WORK REQUEST: Below is a block of records: output all of them exactly and leave out the pictures.

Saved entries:
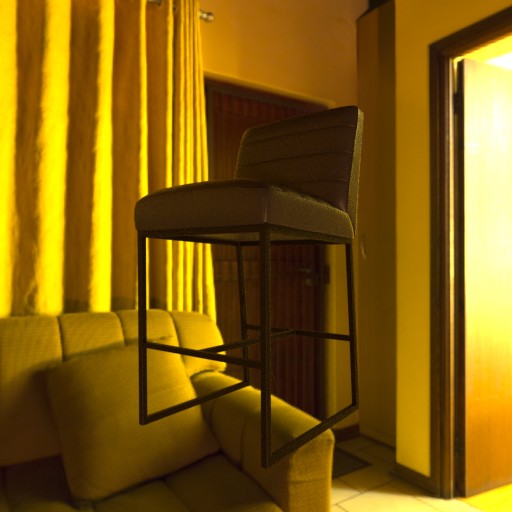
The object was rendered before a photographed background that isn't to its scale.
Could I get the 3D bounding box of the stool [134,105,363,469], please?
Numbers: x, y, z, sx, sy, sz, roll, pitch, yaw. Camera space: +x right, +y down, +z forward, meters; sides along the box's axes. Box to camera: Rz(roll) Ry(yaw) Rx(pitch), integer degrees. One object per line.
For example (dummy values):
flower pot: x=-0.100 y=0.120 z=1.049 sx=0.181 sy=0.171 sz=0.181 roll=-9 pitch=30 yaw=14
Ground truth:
stool: x=0.000 y=0.000 z=1.304 sx=0.457 sy=0.938 sz=0.552 roll=0 pitch=0 yaw=37

ANSWER TO THE EXERCISE:
The object was rendered before a photographed background that isn't to its scale.
Could I get the 3D bounding box of the stool [134,105,363,469], please?
Numbers: x, y, z, sx, sy, sz, roll, pitch, yaw. Camera space: +x right, +y down, +z forward, meters; sides along the box's axes. Box to camera: Rz(roll) Ry(yaw) Rx(pitch), integer degrees. One object per line.
For example (dummy values):
flower pot: x=-0.100 y=0.120 z=1.049 sx=0.181 sy=0.171 sz=0.181 roll=-9 pitch=30 yaw=14
Ground truth:
stool: x=0.000 y=0.000 z=1.304 sx=0.457 sy=0.938 sz=0.552 roll=0 pitch=0 yaw=37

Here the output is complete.